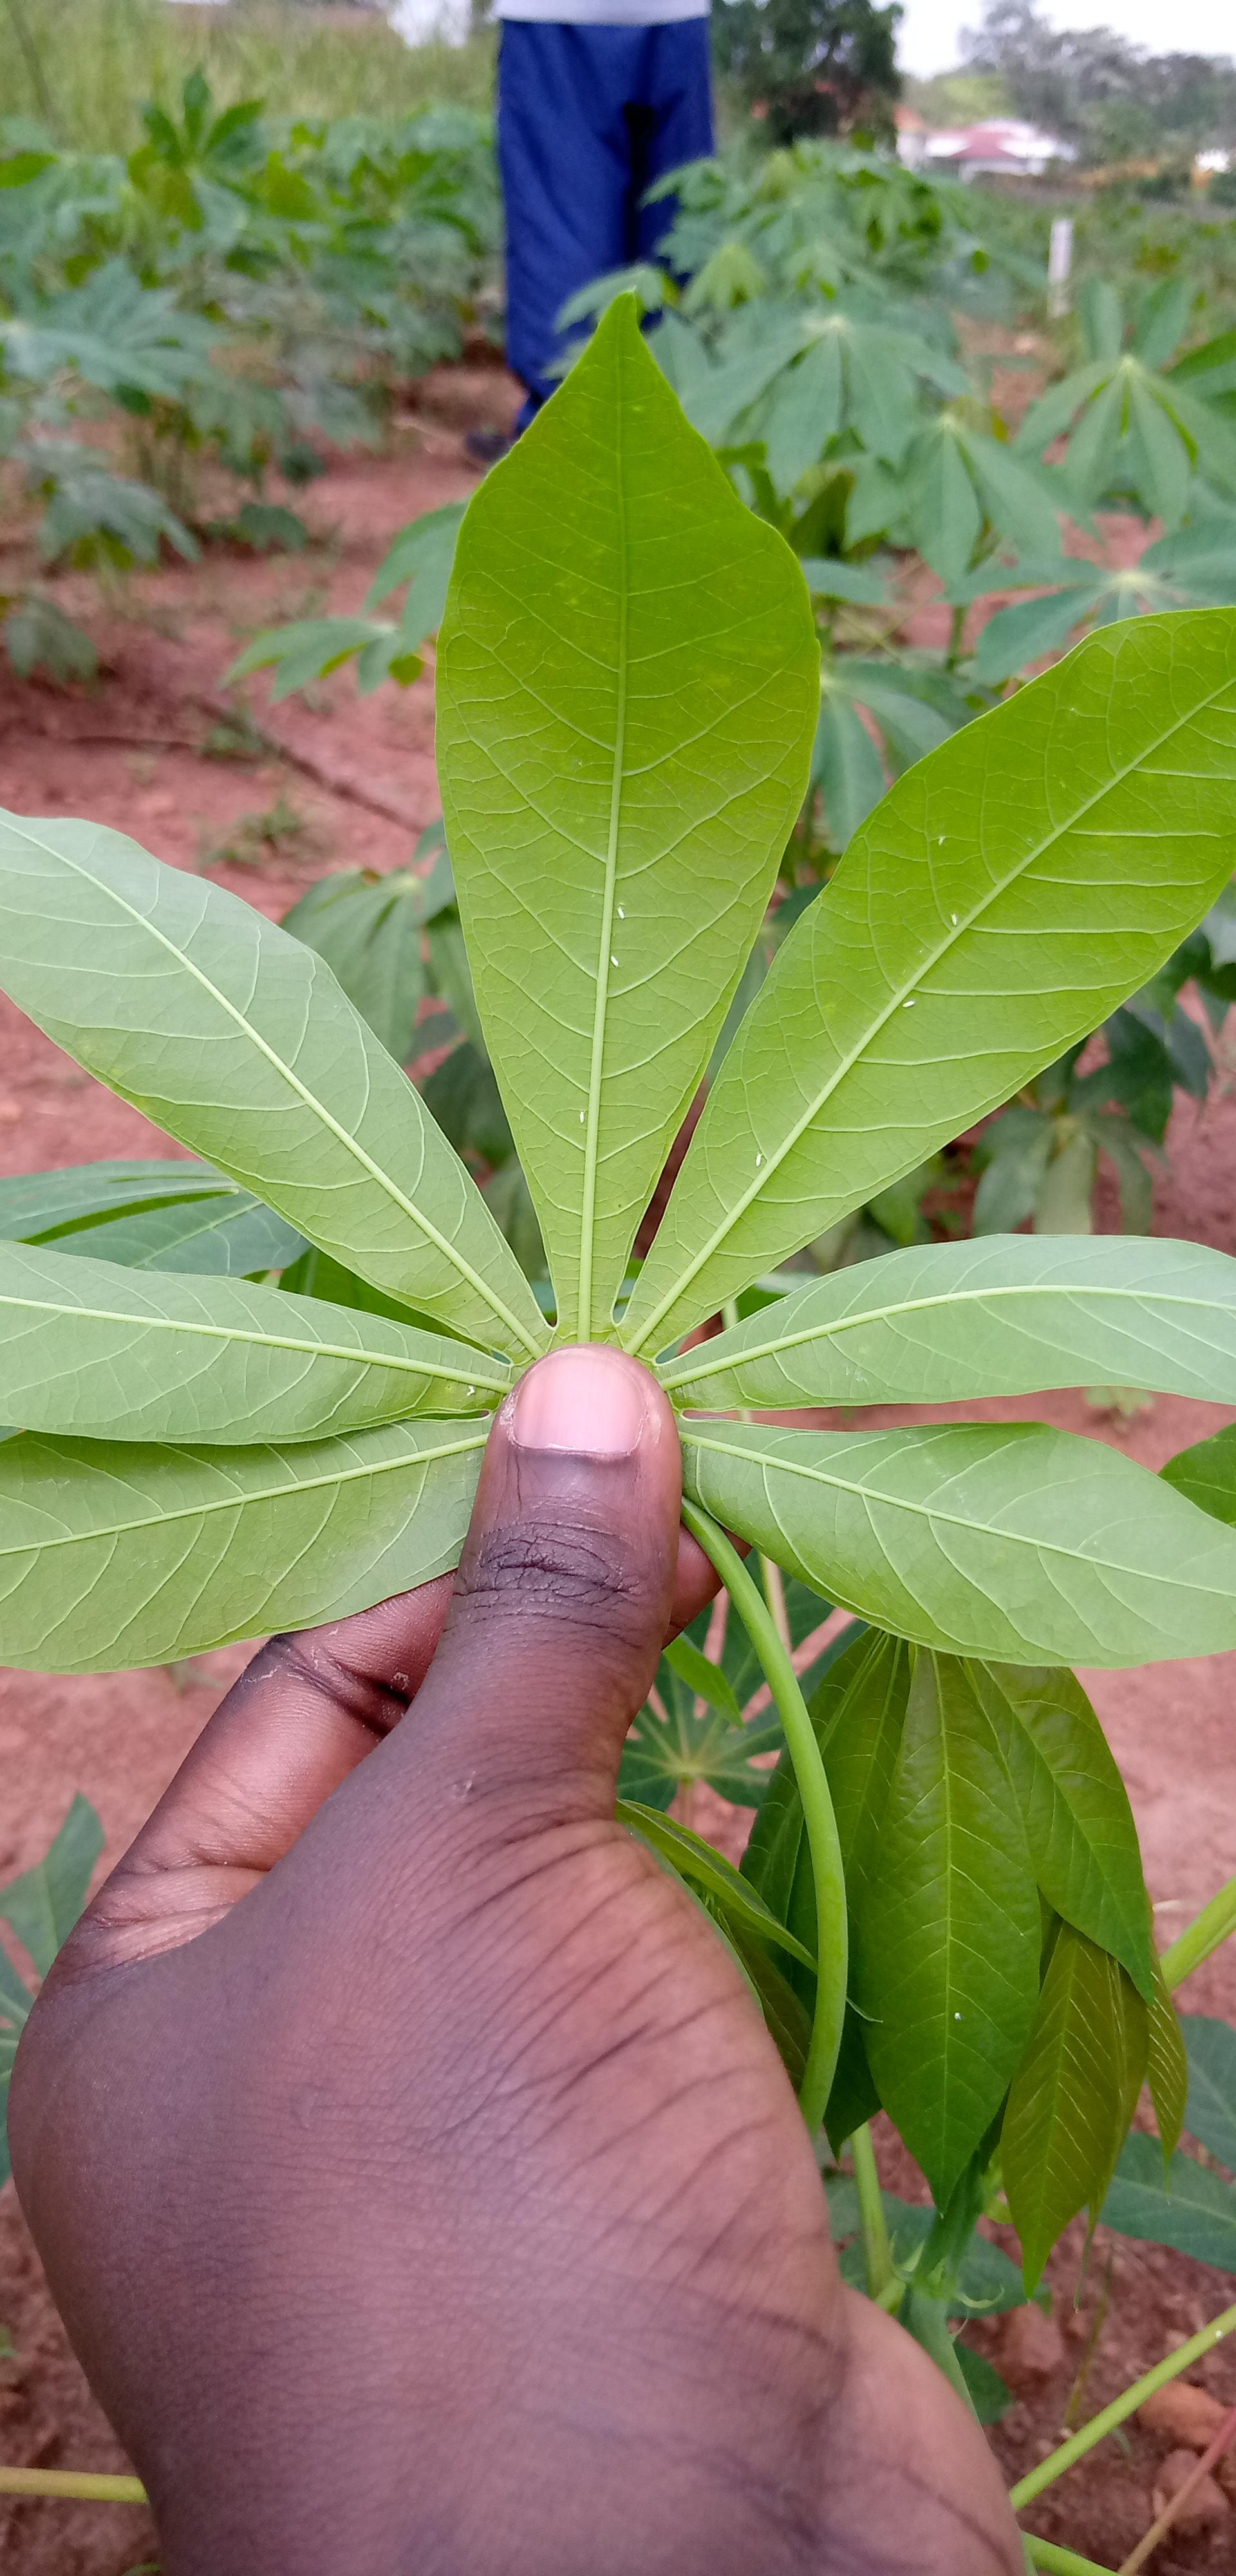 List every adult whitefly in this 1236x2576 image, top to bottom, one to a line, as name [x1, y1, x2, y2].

whitefly [937, 834, 945, 848]
whitefly [615, 904, 632, 923]
whitefly [948, 912, 960, 929]
whitefly [608, 955, 621, 968]
whitefly [901, 997, 917, 1013]
whitefly [577, 1110, 586, 1126]
whitefly [754, 1152, 763, 1168]
whitefly [465, 1383, 477, 1397]
whitefly [952, 2011, 962, 2022]

————

*ACTION ITEM:*
Print out all the material above exactly as it appears, omitting the images.

*YOUR RESPONSE:*
 List every adult whitefly in this 1236x2576 image, top to bottom, one to a line, as name [x1, y1, x2, y2].

whitefly [937, 834, 945, 848]
whitefly [615, 904, 632, 923]
whitefly [948, 912, 960, 929]
whitefly [608, 955, 621, 968]
whitefly [901, 997, 917, 1013]
whitefly [577, 1110, 586, 1126]
whitefly [754, 1152, 763, 1168]
whitefly [465, 1383, 477, 1397]
whitefly [952, 2011, 962, 2022]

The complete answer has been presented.